What I think (only partial answer, even if right)
In https://0x0fff.com/spark-architecture-shuffle, the shuffle is explained with the image
and I get the impression that the rule is
For my first image I'd say that I'd have 3 map tasks and 3 reduce tasks.
For the image from 0x0fff, I'd say there are 8 map tasks and 3 reduce tasks (assuming that there are only three orange and three dark green files).
Open questions in any case
Is that correct? But even if that is correct, my questions above are not all answered, because it is still open, whether multiple operations (e.g. multiple maps) are within one task or are separated into one tasks per operation.
What others say
What is a task in Spark? How does the Spark worker execute the jar file? and How does the Apache Spark scheduler split files into tasks? are similar, but I did not feel that my question was answered clearly there.
You have a pretty nice outline here. To answer your questions
- A separate
task
does need to be launched for each partition of data for eachstage
. Consider that each partition will likely reside on distinct physical locations - e.g. blocks in HDFS or directories/volumes for a local file system.
Note that the submission of Stage
s is driven by the DAG Scheduler
. This means that stages that are not interdependent may be submitted to the cluster for execution in parallel: this maximizes the parallelization capability on the cluster. So if operations in our dataflow can happen simultaneously we will expect to see multiple stages launched.
We can see that in action in the following toy example in which we do the following types of operations:
- load two datasources
- perform some map operation on both of the data sources separately
- join them
- perform some map and filter operations on the result
- save the result
So then how many stages will we end up with?

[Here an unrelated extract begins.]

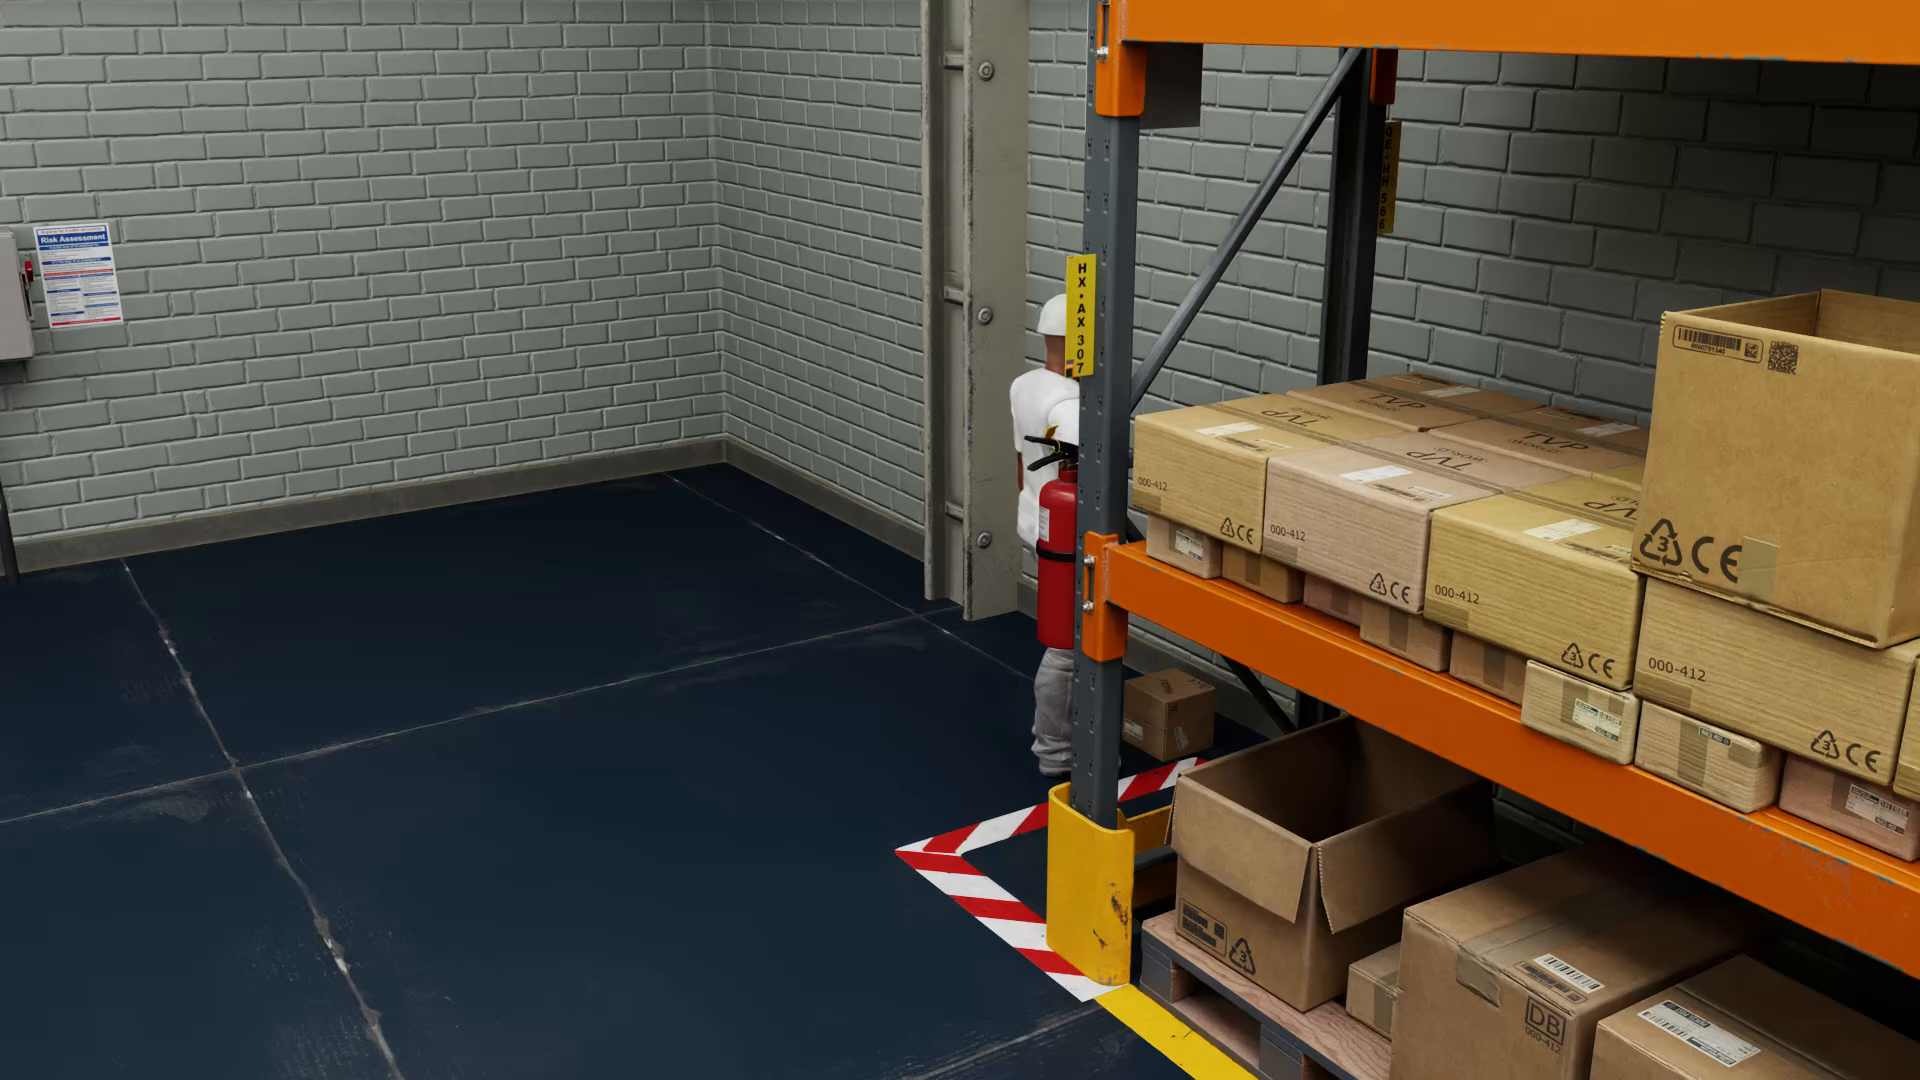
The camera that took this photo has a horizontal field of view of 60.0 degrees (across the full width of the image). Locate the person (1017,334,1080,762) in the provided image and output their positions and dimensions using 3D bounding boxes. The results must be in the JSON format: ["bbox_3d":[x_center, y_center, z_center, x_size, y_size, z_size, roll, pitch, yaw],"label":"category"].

- 1 stage each for loading the two datasources in parallel = 2 stages
- A third stage representing the
join
that is dependent on the other two stages - Note: all of the follow-on operations working on the joined data may be performed in the same stage because they must happen sequentially. There is no benefit to launching additional stages because they can not start work until the prior operation were completed.
Here is that toy program
val sfi = sc.textFile("/data/blah/input").map{ x => val xi = x.toInt; (xi,xi*xi) }
val sp = sc.parallelize{ (0 until 1000).map{ x => (x,x * x+1) }}
val spj = sfi.join(sp)
val sm = spj.mapPartitions{ iter => iter.map{ case (k,(v1,v2)) => (k, v1+v2) }}
val sf = sm.filter{ case (k,v) => v % 10 == 0 }
sf.saveAsTextFile("/data/blah/out")
And here is the DAG of the result
Now: how many tasks ? The number of tasks should be equal to
Sum of (Stage
* #Partitions in the stage
)
这篇关于Spark中的stage是如何拆分成task的?的文章就介绍到这了,希望我们推荐的答案对大家有所帮助,也希望大家多多支持!